Dear Mr Chidambaram,
The Indian banking community has never let you down. After the United Progressive Alliance (UPA)-led government came to power, you had exhorted the public sector banks to double their exposure to agriculture loans in three years. They have obliged you. You had also directed them to offer small farm loans at a concessional rate of 7%. The bankers never said no to it. The CEOs of public sector banks that account for close to 70% of the industry have a special affinity for you as very few Indian finance ministers in the past have understood the sector the way you do.
You played a major role in opening up the health insurance business ahead of life and general insurance sectors. You were also instrumental in setting up the Infrastructure Development Finance Corp. and local area banks. Every time the CEOs meet you, they find in you an ally, a great believer in financial sector reforms and consolidation in the banking landscape. Despite your best efforts you have not been able to do much on this front but they don’t blame you for this as they are aware of the opposition from the Left, without whose support the UPA government cannot survive.
Successive budgets have turned into empty promises as far as the Indian banking sector is concerned. For instance, in 2000, your predecessor Yashwant Sinha made a big-bang announcement of bringing down the government holding in public sector banks to 33%. But nothing has happened on this front yet. Another long-pending issue is the removal of cap on voting rights for private banks. Both Sinha and Jaswant Singh, former finance minister, announced the removal of 10% cap on voting rights in private sector banks. You too promised this in the 2005 budget but the necessary amendment to the Banking Regulation Act, 1949, is still awaited. Another contentious issue is foreign investments in Indian banks. While private banks can offer up to 74% stake to foreign investors, public sector banks cannot offer them more than 20%. Naturally, both sets of banks are bound of have different valuations on bourses. No finance minister has dared to discuss this in Parliament as this is again a politically sensitive issue.
But there are other issues that need your attention. They will not raise the red flag for the Left but if you address them, they will create a level playing field for the public sector banks. One such issue is the different tax structure for different savings instruments. For instance, one does not need to pay tax when one earns dividend from investments in mutual funds. Also, there is no capital gains tax if one stays invested in stock market for a year. However, bank deposits are subject to tax. It is an issue not for the public sector banks alone but the entire industry. This makes it difficult for banks to bring down their deposit rates as anyway a depositor does not earn much from keeping money with banks after paying income tax.
Public sector banks are also handicapped in attracting talent as they cannot pay market-related salaries to their employees. Your idea of giving performance-linked bonus to bank chairmen and executive directors is welcome but even after this, these executives will earn much less compared with private sector CEOs. Performance-linked bonuses for employees are even lower as the overall amount is capped at 1% of the net profit of a bank. This means, State Bank of India, the country’s largest bank, cannot pay more than Rs2,445.67 to each of its employees as bonus if it wants to pay all of them. Last year it earned a net profit of Rs4,533.98 crore and had 185,388 employees on its rolls.
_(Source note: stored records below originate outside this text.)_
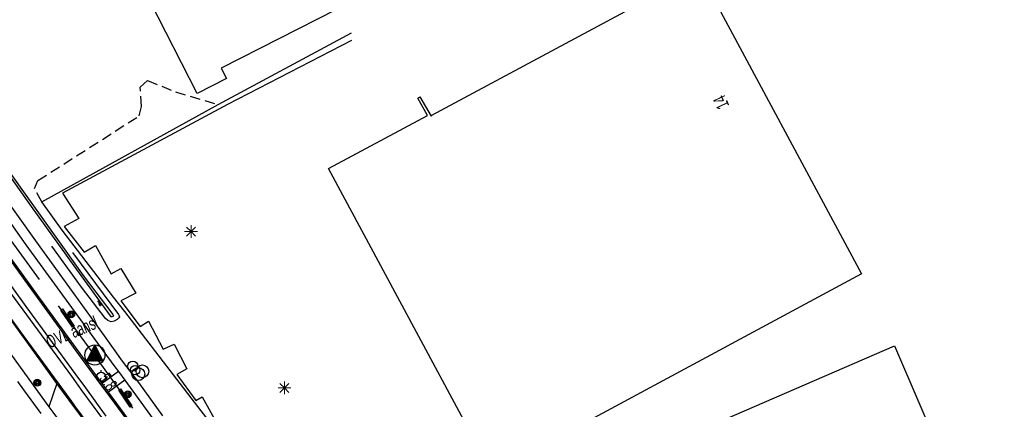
# Model space of a CAD drawing. Header units: metres. Extents: x 814 to 237605, y 2086 to 808797.
# Tile 45 of 57: x 119828 to 120021, y 403495 to 403571. Entities that reach past the tile are written whole.
import ezdxf

# ---------------------------------------------------------------- set-up
doc = ezdxf.new("R2010")
doc.units = ezdxf.units.M
doc.linetypes.add('E-L', pattern=[19.05, 12.7, -6.35])
doc.linetypes.add('Houtwal', pattern=[3, 2, -1])
doc.layers.get('0').update_dxf_attribs({"linetype": 'CONTINUOUS'})
for name, color, linetype in [('4502', 1, 'CONTINUOUS'), ('4503', 1, 'CONTINUOUS'), ('4504', 7, 'CONTINUOUS'), ('4601', 172, 'CONTINUOUS'), ('B-AF-HEKW-GD', 47, 'Hekwerk'), ('B-AF-HOUT-GD', 74, 'Houtwal'), ('B-AS-HECT-GD', 9, 'CONTINUOUS'), ('B-BB-BORD-GD', 8, 'CONTINUOUS'), ('B-BP-BOOM-GD', 74, 'CONTINUOUS'), ('B-GB-BOUW-GD', 242, 'CONTINUOUS'), ('B-GR-GEMT2006-GS', 6, 'CONTINUOUS'), ('B-KL-WATER-GD', 8, 'CONTINUOUS'), ('B-MK-ASSTRP-GD', 121, 'CONTINUOUS'), ('B-MK-STRP-GD', 121, 'CONTINUOUS'), ('B-OV-PAAL-GD', 63, 'CONTINUOUS'), ('B-TR-SLOO-GD', 142, 'CONTINUOUS'), ('B-VH-FPAD-GD', 13, 'CONTINUOUS'), ('B-VH-HFDR-GD', 13, 'CONTINUOUS'), ('B-VH-MATE-GD', 13, 'CONTINUOUS'), ('B-VH-OVRG-GD', 13, 'CONTINUOUS'), ('L-AR-BLOCKS-GD', 8, 'CONTINUOUS'), ('OVL HOH afstanden', 1, 'CONTINUOUS'), ('OVL Lichtpunt', 1, 'CONTINUOUS')]:
    doc.layers.add(name, color=color, linetype=linetype)
doc.linetypes.add('DIAMETER_10', pattern='A,12.7,-5.08,["4x10mm2",Standard,S=1,R=0,X=-5,Y=-0.5],-2', length=19.78)
doc.linetypes.add('Hekwerk', pattern='A,4,-1,[1,dgnlstyle.shx,S=0.004,R=0,X=0,Y=0],-1', length=6)

# ---------------------------------------------------------------- blocks, each defined once
blk = doc.blocks.new('2202')
for p, q in [((-0.35, 0.001), (-0.5, 0)), ((0, 0.35), (0, 0.5)), ((0.35, -0.001), (0.5, 0)), ((0, -0.35), (0, -0.5))]:
    blk.add_line(p, q)
blk.add_circle((0, 0), 0.35)
blk = doc.blocks.new('WATER', base_point=(119086.285987, 398817.713883))
at = {"layer": '4601'}
for points in [[(119085.785987, 398817.863883, 0), (119085.848487, 398817.926383, 0), (119085.973487, 398817.988883, 0), (119086.098487, 398817.988883, 0), (119086.223487, 398817.926383, 0), (119086.285987, 398817.863883, 0), (119086.348487, 398817.801383, 0), (119086.473487, 398817.738883, 0), (119086.598487, 398817.738883, 0), (119086.723487, 398817.801383, 0), (119086.785987, 398817.863883, 0)], [(119085.785987, 398817.563883, 0), (119085.848487, 398817.626383, 0), (119085.973487, 398817.688883, 0), (119086.098487, 398817.688883, 0), (119086.223487, 398817.626383, 0), (119086.285987, 398817.563883, 0), (119086.348487, 398817.501383, 0), (119086.473487, 398817.438883, 0), (119086.598487, 398817.438883, 0), (119086.723487, 398817.501383, 0), (119086.785987, 398817.563883, 0)]]:
    blk.add_polyline3d(points, dxfattribs=at)
blk = doc.blocks.new('2901')
for radius in [0.27, 0.18, 0.09]:
    blk.add_circle((0, 0), radius)
blk = doc.blocks.new('3201')
blk.add_circle((0, 0), 0.5)
blk = doc.blocks.new('3203', base_point=(119086.285987, 398817.713883))
blk.add_circle((119086.285987, 398817.713883), 0.5)
blk = doc.blocks.new('2401')
blk.add_circle((0.001, -0.001), 0.375)
blk = doc.blocks.new('3202')
blk.add_circle((0, 0), 0.4)
blk = doc.blocks.new('2701')
at = {"lineweight": 0}
for q in [(-0.353, 0.351), (0.001, 0.497), (0.355, 0.351), (-0.499, -0.003), (-0.352, -0.356), (0.501, -0.003), (0.001, -0.503), (0.355, -0.356)]:
    blk.add_line((0.001, -0.003), q, dxfattribs=at)
blk = doc.blocks.new('OV_MASTD')
at = {"layer": 'OVL Lichtpunt'}
for p, q in [((-0.97, 0.06), (0.53, -1.15)), ((-0.93, 0.14), (0.67, -1.15)), ((-0.89, 0.22), (0.8, -1.15)), ((-0.85, 0.29), (0.93, -1.15)), ((-0.81, 0.37), (1.07, -1.15)), ((-0.77, 0.45), (1.2, -1.15)), ((-0.73, 0.52), (1.33, -1.15)), ((-0.69, 0.6), (1.47, -1.15)), ((-0.65, 0.67), (1.57, -1.12)), ((-0.62, 0.75), (1.48, -0.94)), ((-0.58, 0.83), (1.38, -0.76)), ((-0.54, 0.9), (1.29, -0.57)), ((-0.5, 0.98), (1.2, -0.39)), ((-0.46, 1.06), (1.1, -0.21)), ((-0.42, 1.13), (1.01, -0.02)), ((-0.38, 1.21), (0.92, 0.16)), ((-0.34, 1.29), (0.82, 0.34)), ((-0.3, 1.36), (0.73, 0.53)), ((-0.27, 1.44), (0.64, 0.71)), ((-0.23, 1.51), (0.54, 0.89)), ((-0.19, 1.59), (0.45, 1.08)), ((-0.15, 1.67), (0.36, 1.26)), ((-0.11, 1.74), (0.26, 1.44)), ((-0.07, 1.82), (0.17, 1.63)), ((-0.03, 1.9), (0.08, 1.81)), ((-1.55, -1.08), (-1.47, -1.15)), ((-1.51, -1.01), (-1.33, -1.15)), ((-1.47, -0.93), (-1.2, -1.15)), ((-1.43, -0.85), (-1.07, -1.15)), ((-1.39, -0.78), (-0.93, -1.15)), ((-1.36, -0.7), (-0.8, -1.15)), ((-1.32, -0.62), (-0.67, -1.15)), ((-1.28, -0.55), (-0.53, -1.15)), ((-1.24, -0.47), (-0.4, -1.15)), ((-1.2, -0.39), (-0.27, -1.15)), ((-1.16, -0.32), (-0.13, -1.15)), ((-1.12, -0.24), (0, -1.15)), ((-1.08, -0.17), (0.13, -1.15)), ((-1.04, -0.09), (0.27, -1.15)), ((-1.01, -0.01), (0.4, -1.15))]:
    blk.add_line(p, q, dxfattribs=at)
at = {"layer": 'OVL Lichtpunt', "linetype": 'DIAMETER_10'}
blk.add_lwpolyline([(-1.58, -1.15), (0, 1.96), (1.58, -1.15), (-1.58, -1.15)], dxfattribs=at)
at = {"layer": 'OVL Lichtpunt'}
blk.add_circle((0, 0), 1.98, dxfattribs=at)

msp = doc.modelspace()

# ---------------------------------------------------------------- linework, layer by layer
at = {"layer": 'B-AF-HEKW-GD'}
for points in [[(119832.172252, 403535.712408), (119866.805831, 403554.794151), (119892.946938, 403568.818379)], [(119836.169788, 403530.187118), (119832.172252, 403535.712408)], [(119892.331914, 403457.432044), (119877.087632, 403477.122593), (119862.765753, 403495.672676), (119848.458404, 403514.236915), (119846.281344, 403517.06143), (119836.169788, 403530.187118)]]:
    msp.add_lwpolyline(points, dxfattribs=at)
at = {"layer": 'B-AF-HOUT-GD'}
msp.add_lwpolyline([(119832.172252, 403535.712408), (119830.76849, 403538.348857), (119831.434199, 403539.910126), (119851.282919, 403552.551526), (119851.760501, 403554.420504), (119851.513514, 403558.173734), (119852.955201, 403559.489134), (119858.419457, 403557.269234), (119866.805831, 403554.794151)], dxfattribs=at)
at = {"layer": 'B-GB-BOUW-GD'}
for points in [[(119862.638349, 403556.971583), (119844.204495, 403593.05996), (119852.520833, 403596.854168), (119852.520833, 403596.865344), (119851.885671, 403598.152059), (119891.744787, 403618.401993), (119906.298006, 403589.545894), (119886.839324, 403579.566214), (119887.232715, 403578.927326), (119889.96, 403573.436621), (119867.355684, 403561.925101), (119868.432665, 403559.899661)], [(119888.444925, 403542.286116), (119907.849217, 403552.650991), (119905.955279, 403556.045476), (119906.348297, 403556.269738), (119908.534298, 403552.48), (119908.692622, 403552.7363), (119961.08138, 403580.828715), (119992.93373, 403521.631989), (119940.389628, 403493.371192), (119940.174678, 403493.388701), (119920.566613, 403482.549596)], [(120004.308159, 403444.350842), (120002.416829, 403448.829386), (120002.137804, 403448.743331), (120002.110237, 403449.000004), (119958.022544, 403429.940301), (119939.450109, 403454.902354), (119936.53656, 403454.509708), (119927.550414, 403466.767776), (119938.596179, 403475.250209), (119938.338134, 403475.79938), (119937.330593, 403478.156131), (119940.464133, 403479.473996), (119940.683925, 403479.506406), (119940.641457, 403479.584265), (119963.027099, 403489.202219), (119962.170655, 403491.422492), (119999.432499, 403507.530648), (120009.181956, 403484.895411), (120011.014799, 403485.647175), (120020.946795, 403462.426695), (120014.189491, 403459.534752), (120018.164376, 403450.323972)]]:
    msp.add_lwpolyline(points, close=True, dxfattribs=at)
at = {"layer": 'B-GR-GEMT2006-GS', "color": 1, "linetype": 'E-L', "lineweight": 30}
msp.add_lwpolyline([(119768.95813, 403609.920586), (119787.457015, 403582.939207), (119804.825815, 403558.313974), (119824.200219, 403530.763573), (119842.539338, 403505.614113), (119860.968097, 403480.191997), (119878.409484, 403456.473665), (119892.202799, 403440.994416), (119901.360637, 403433.763237), (119903.395735, 403432.972326), (119904.3002, 403430.260637), (119905.769981, 403425.515183)], dxfattribs=at)
at = {"layer": 'B-GR-GEMT2006-GS', "color": 1, "linetype": 'Continuous', "lineweight": 25}
for points in [[(119838.531941, 403511.393586), (119838.191118, 403511.185331), (119835.955572, 403514.488953), (119836.28726, 403514.744427)], [(119849.85481, 403495.740876), (119849.513987, 403495.532621), (119847.278441, 403498.836243), (119847.610129, 403499.091716)]]:
    msp.add_lwpolyline(points, close=True, dxfattribs=at)
at = {"layer": 'B-MK-ASSTRP-GD'}
for points in [[(119838.754933, 403502.113525), (119829.103345, 403515.259374), (119819.760161, 403528.150646), (119810.899349, 403540.529638), (119795.676978, 403562.085093)], [(119794.991702, 403561.494548), (119806.806963, 403544.695827), (119815.541429, 403532.418294), (119824.711489, 403519.743789), (119838.008404, 403501.566982)], [(119844.852147, 403493.751793), (119840.819658, 403499.281958), (119838.754933, 403502.113525)], [(119838.008404, 403501.566982), (119840.07789, 403498.741075), (119844.129928, 403493.207971)]]:
    msp.add_lwpolyline(points, dxfattribs=at)
at = {"layer": 'B-MK-STRP-GD'}
for points in [[(119853.578834, 403486.684349), (119846.492265, 403496.269528), (119843.083457, 403500.932677), (119839.488313, 403505.850728), (119828.932496, 403520.320498), (119819.843356, 403532.84265)], [(119993.64109, 403287.062254), (119975.886761, 403310.898556), (119965.240669, 403325.251498), (119950.97951, 403344.404266), (119947.091583, 403349.648269), (119940.333613, 403358.763361), (119929.700754, 403373.064212), (119918.994346, 403387.511271), (119911.903478, 403397.04255), (119897.658196, 403416.222287), (119897.368032, 403416.612283), (119888.740789, 403428.207767), (119881.656089, 403437.790664), (119872.841457, 403449.653363), (119865.640681, 403459.316742), (119849.635025, 403480.968276), (119838.902082, 403495.515281), (119837.771543, 403497.059331), (119828.033458, 403510.359256), (119819.789315, 403521.672354)]]:
    msp.add_lwpolyline(points, dxfattribs=at)
at = {"layer": 'B-TR-SLOO-GD'}
for points in [[(119825.193353, 403542.43099), (119834.925236, 403528.781135), (119840.307307, 403521.270032), (119846.154704, 403513.679073), (119846.252394, 403513.41154), (119846.150972, 403513.26391), (119845.958903, 403513.187562), (119845.821615, 403513.236843), (119845.692465, 403513.389748), (119838.560221, 403523.165936), (119830.198232, 403534.788125), (119814.448267, 403556.995165)], [(119838.240677, 403525.782707), (119847.259978, 403513.685945), (119847.382912, 403513.410273), (119847.402284, 403513.210225), (119847.290525, 403512.987453), (119846.956739, 403512.665215), (119846.384907, 403512.330684), (119845.785508, 403512.256178), (119845.161522, 403512.472245), (119844.698468, 403512.878674), (119839.972937, 403519.028011), (119834.193149, 403527.070168)]]:
    msp.add_lwpolyline(points, dxfattribs=at)
at = {"layer": 'B-VH-FPAD-GD'}
for points in [[(119799.722507, 403568.775086), (119806.195323, 403559.516048), (119817.69684, 403543.399373), (119829.095478, 403527.315161), (119844.180448, 403506.629791), (119846.522519, 403503.440375), (119847.206802, 403502.508523)], [(119785.232375, 403563.117567), (119786.223443, 403561.817426), (119787.273698, 403560.331375), (119788.002726, 403559.299644), (119793.067642, 403551.838504), (119801.772084, 403539.680278), (119809.261155, 403529.244507), (119818.019079, 403516.986355), (119833.579463, 403495.599134), (119834.341983, 403494.558562), (119836.567981, 403491.520854), (119856.530281, 403464.279302), (119871.528024, 403444.027826), (119878.871583, 403434.251417), (119886.65276, 403423.734117), (119894.74168, 403412.914103), (119896.080791, 403411.122862), (119899.315789, 403413.56766)], [(119855.94291, 403493.81852), (119851.223984, 403500.340033), (119848.050115, 403504.554268), (119844.516051, 403509.470899), (119838.550524, 403517.707881), (119831.037175, 403528.072249), (119824.245357, 403537.616862)], [(119847.206802, 403502.508523), (119844.013667, 403500.136465)], [(119832.059838, 403494.263109), (119828.690237, 403498.906099), (119827.510965, 403500.531023)], [(119848.467771, 403500.791343), (119845.259242, 403498.444986)], [(119848.467771, 403500.791343), (119856.157679, 403490.319278)]]:
    msp.add_lwpolyline(points, dxfattribs=at)
at = {"layer": 'B-VH-HFDR-GD'}
for points in [[(119853.788092, 403486.862893), (119845.259242, 403498.444986), (119844.013667, 403500.136465), (119843.307207, 403501.095831), (119841.998222, 403502.873419), (119831.406391, 403517.367983), (119821.562901, 403530.980423)], [(119841.916813, 403491.001321), (119837.555464, 403496.901771), (119835.141705, 403500.167337), (119832.016347, 403504.546047), (119825.937975, 403512.945326)]]:
    msp.add_lwpolyline(points, dxfattribs=at)
at = {"layer": 'B-VH-MATE-GD'}
msp.add_lwpolyline([(119847.206802, 403502.508523), (119848.467771, 403500.791343)], dxfattribs=at)
at = {"layer": 'B-VH-OVRG-GD'}
for points in [[(119892.931292, 403567.339811), (119868.627498, 403554.815757), (119836.285272, 403537.45665), (119839.427555, 403532.448742), (119836.606765, 403530.91355), (119840.523535, 403525.867272), (119842.734495, 403527.15883), (119845.823878, 403521.600324), (119847.717816, 403522.702265), (119850.664893, 403517.869446), (119847.692856, 403516.335371), (119851.474399, 403511.31666), (119853.103095, 403512.382466), (119856.018508, 403506.841841), (119858.154962, 403507.853258), (119860.627809, 403503.017831), (119858.698854, 403501.934889), (119862.419301, 403496.843162), (119863.651255, 403497.527871), (119866.655329, 403492.116886)], [(119835.141705, 403500.167337), (119833.579463, 403495.599134)]]:
    msp.add_lwpolyline(points, dxfattribs=at)

# ---------------------------------------------------------------- block references
at = {"layer": 'B-AS-HECT-GD', "xscale": 2.5, "yscale": 2.5, "zscale": 2.5}
msp.add_blockref('2202', (119843.84037, 403501.484603), dxfattribs=at)
at = {"layer": 'B-BB-BORD-GD', "xscale": 2.5, "yscale": 2.5, "zscale": 2.5}
msp.add_blockref('2401', (119850.497442, 403502.76131), dxfattribs=at)
at = {"layer": 'B-BP-BOOM-GD', "xscale": 2.5, "yscale": 2.5, "zscale": 2.5}
for p in [(119837.965213, 403513.670261), (119831.310147, 403500.290173), (119849.065998, 403498.052391)]:
    msp.add_blockref('2901', p, dxfattribs=at)
at = {"layer": 'B-KL-WATER-GD', "xscale": 2.5, "yscale": 2.5, "zscale": 2.5}
for name, p in [('3202', (119850.027, 403503.549)), ('3203', (119851.937, 403502.537)), ('3201', (119851.126456, 403501.97922))]:
    msp.add_blockref(name, p, dxfattribs=at)
at = {"layer": 'B-OV-PAAL-GD', "xscale": 2.5, "yscale": 2.5, "zscale": 2.5}
for p in [(119861.461157, 403529.905859), (119879.781017, 403499.295148)]:
    msp.add_blockref('2701', p, dxfattribs=at)
at = {"layer": 'L-AR-BLOCKS-GD', "yscale": 0.8, "rotation": 303.754205}
msp.add_blockref('WATER', (119843.501905, 403515.90212), dxfattribs=at)
at = {"layer": 'OVL HOH afstanden', "linetype": 'DIAMETER_10'}
msp.add_blockref('OV_MASTD', (119842.611312, 403505.727374), dxfattribs=at)

# ---------------------------------------------------------------- texts
at = {"layer": '4502', "width": 0.68}
msp.add_text('14', height=2.5, rotation=115.099548, dxfattribs=at).set_placement((119967.072764, 403554.594475))
at = {"layer": '4503', "width": 0.68}
msp.add_text('OVL aansl', height=2.5, rotation=22.981228, dxfattribs=at).set_placement((119833.702369, 403506.988146))
at = {"layer": '4504', "width": 0.68}
msp.add_text('5.8', height=2.5, rotation=305.699159, dxfattribs=at).set_placement((119843.298131, 403501.04529))

doc.saveas('drawing.dxf')

Finally, a word on your stance on interest rates. Since the beginning of this century, The Reserve Bank of India (RBI) and the finance ministry have been working in tandem to bring down interest rates. In the 2001 and 2002 budgets, Sinha cut the administered rates. His successor Singh followed it up in 2003 with another cut. Each time, RBI reciprocated the finance minister’s gesture by paring the policy rates. The rate cuts helped corporations reduce the cost of borrowings and fuel economic growth. But you seem to be following a different path. In the past, when RBI raised its policy rates you did not want public sector banks to raise their lending rates and when RBI is holding on to its rates you want the banks to cut rates.
Two years ago, when these banks raised their rates, the banking division of the finance ministry had sent a note to the CEOs arguing why the rates should not be hiked. It also advised them to go ahead with the rate hike only after their boards ratify the decision. This time around, when some of the large banks cut their lending rates by 25 basis points to respect your wish, the bureaucrats in the banking division wanted them to cut 50 basis points and the banks had no choice but to oblige the ministry.
I remember shortly after assuming office in 2004, you had said that you would like to be remembered as the investment minister. Indeed you have noble intentions—you want the economy to grow and the country to prosper. But, because the government does not fully own these banks, it cannot force them to cut rates. This amounts to blatant violation of corporate governance. Public sector bankers have slowly started learning the tricks of the trade and are becoming nimble-footed. Please do not take away their right to compete. The other option before the government is to make banking for them a corporate social responsibility.